D’une part, des figures divines incarnent l’être supérieur qui dicte les comportements et les croyances. Avec assurance, elles disent aux humains : « Je peux tout faire, je peux être tout ce que je veux. Regardez-moi voler. Vivre est ma joie ; mon avenir est si radieux. Je ne mourrai jamais. » D’autre part, le refrain incarne un observateur distant de l’histoire qui se déroule. Au fil de la chanson, les dieux et les déesses expliquent comment, en adoptant et même en reproduisant leurs croyances, les humains pourraient s’intégrer et trouver l’acceptation ainsi que l’amour : « Alors laissez-nous simplement vous guider, faire de cet espace sans protection un vide que vous pourrez combler d’engourdissement par notre grâce. Alors souriez simplement, et vous y arriverez ; cela pourrait être de l’amour, et vous ne serez jamais haï. » Ici, New Past fait allusion aux dangers de la normalisation de la violence envers les communautés marginalisées.
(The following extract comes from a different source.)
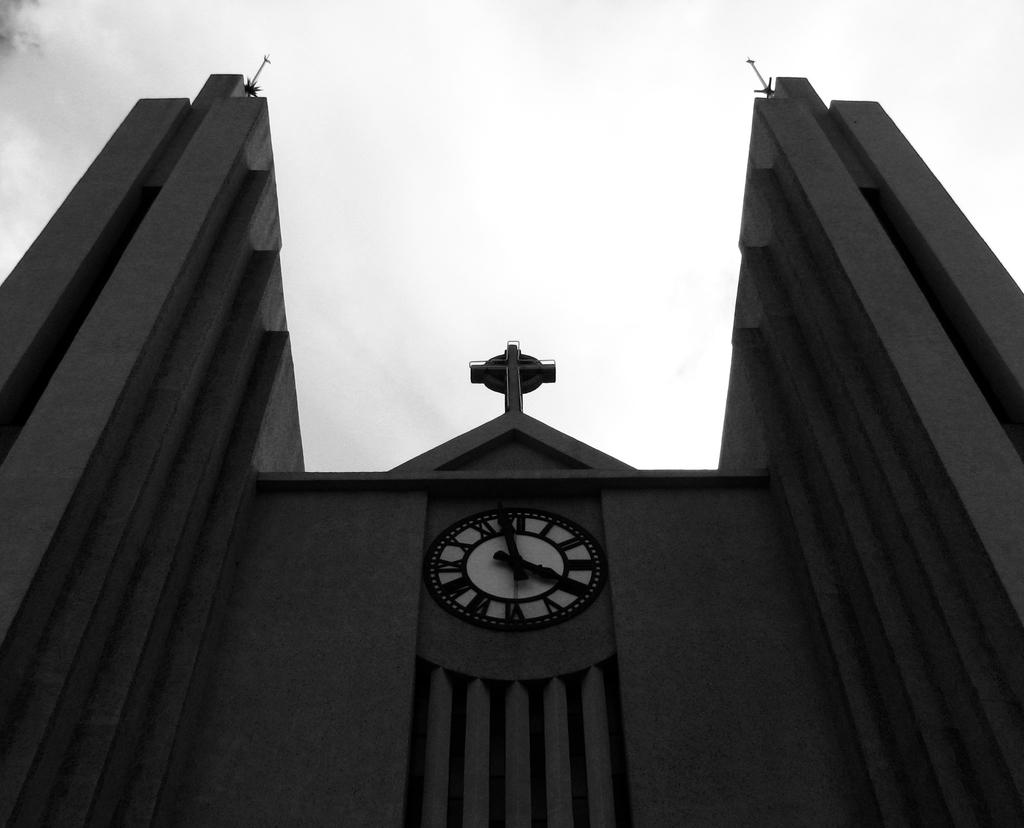What type of building is the main subject of the image? There is a clock tower building in the image. Can you describe the architectural style or features of the building? The provided facts do not include specific details about the building's style or features. Is there any indication of the time of day or year in the image? The presence of a clock tower might suggest that the time is visible, but the provided facts do not specify this. What type of match is being played in the image? There is no match or any indication of a game being played in the image; it features a clock tower building. How does the anger of the people in the image manifest itself? There are no people present in the image, and therefore no emotions can be observed.

Pourtant, une autre voix interroge doucement les divinités : « Que vaut votre sécurité si elle ne se mesure qu’à l’aune du malaise des autres ? Que vaut votre choix s’il repose sur une peur violente ? Que vaut votre amour si votre lignée vous a rendus insensibles ? À quoi devez-vous votre identité ? » Avec insistance, cette voix continue de poser cette dernière question jusqu’à ce que les deux voix s’éteignent et que la chanson s’achève. Les paroles nous rappellent à quel point il est facile de devenir complices des systèmes mêmes de racisme et de patriarcat qui nuisent déjà à nos propres communautés. Lopaz s’empare de cette histoire complexe en donnant vie aux divinités et aux scènes à travers plus de quatre-vingt-dix collages.
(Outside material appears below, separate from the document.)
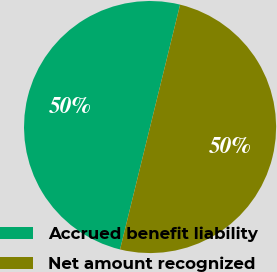Convert chart to OTSL. <chart><loc_0><loc_0><loc_500><loc_500><pie_chart><fcel>Accrued benefit liability<fcel>Net amount recognized<nl><fcel>50.0%<fcel>50.0%<nl></chart>

L’esthétique de l’œuvre puise dans l’âpreté, la tactilité, la texture, la superposition et la fragmentation propres au collage, créant un mouvement saccadé et un récit visuel qui attirent l’attention sur la nature construite tant de l’identité que des systèmes de croyance. En découpant et en recontextualisant des images tirées de magazines de mode et de la culture populaire, Lopaz dépasse les stéréotypes préjudiciables pour créer des figures hybrides et mythiques, facilitant ainsi la construction de réalités spéculatives pour les communautés Noires. Dans les premières scènes, six dieux et déesses prennent forme à partir de visages fragmentés de sujets noirs, associés à des matériaux tels que le quartz, des vases en argile, du tissu, des foulards et des coquillages. Au fur et à mesure que la vidéo se déroule, d’autres figures représentant des humains issus de différentes communautés entrent en contact et semblent parfois même s’affronter ou s’attaquer les unes aux autres.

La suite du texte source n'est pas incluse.